The woods, always a menace even in the past, had triumphed in the end. They
crowded, dark and uncontrolled, to the borders of the drive. The beeches with white,
naked limbs leant close to one another, their branches intermingled in a strange
embrace, making a vault above my head like the archway of a church. And there were
other trees as well, trees that I did not recognize, squat oaks and tortured elms that
straggled cheek by jowl with the beeches, and had thrust themselves out of the quiet
earth, along with monster shrubs and plants, none of which I remembered.

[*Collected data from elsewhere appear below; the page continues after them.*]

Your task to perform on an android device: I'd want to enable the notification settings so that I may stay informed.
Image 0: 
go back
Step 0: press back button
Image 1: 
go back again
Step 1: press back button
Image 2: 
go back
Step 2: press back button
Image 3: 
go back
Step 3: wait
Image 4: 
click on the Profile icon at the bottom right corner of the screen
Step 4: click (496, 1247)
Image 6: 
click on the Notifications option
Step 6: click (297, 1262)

What sort of atmosphere do the following techniques help to create and how effective
are they?

simile e.g. a vault like the archway of a church


metaphor e.g. monster shrubs
verbs that suggest a struggle or invasion e.g. They crowded, dark and
uncontrolled

Extract C
Read this extract, from the opening pages of the short story Kew Gardens (1919) by
Virginia Woolf, presenting a detailed, snails eye view of a garden.

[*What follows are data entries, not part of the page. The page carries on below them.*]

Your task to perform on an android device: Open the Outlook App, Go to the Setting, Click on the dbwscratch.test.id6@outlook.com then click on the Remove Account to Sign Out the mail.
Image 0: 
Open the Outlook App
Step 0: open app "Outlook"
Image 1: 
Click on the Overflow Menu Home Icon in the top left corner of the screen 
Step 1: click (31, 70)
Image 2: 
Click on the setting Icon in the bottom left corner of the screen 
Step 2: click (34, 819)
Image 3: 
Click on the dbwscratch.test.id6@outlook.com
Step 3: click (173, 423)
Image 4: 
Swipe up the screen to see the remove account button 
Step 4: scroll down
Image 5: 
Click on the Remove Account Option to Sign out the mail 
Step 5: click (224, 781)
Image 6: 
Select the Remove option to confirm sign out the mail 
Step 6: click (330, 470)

In the oval flower-bed the snail, whose shell had been stained red, blue, and yellow for
the space of two minutes or so, now appeared to be moving very slightly in its shell,
and next began to labour over the crumbs of loose earth which broke away and rolled
down as it passed over them. Brown cliffs with deep green lakes in the hollows, flat,
blade-like trees that waved from root to tip, round boulders of grey stone, vast
crumpling surfaces of a thin crackling texture all these objects lay across the snails
progress between one stalk and another to his goal.
What features does the author use and how effective are they?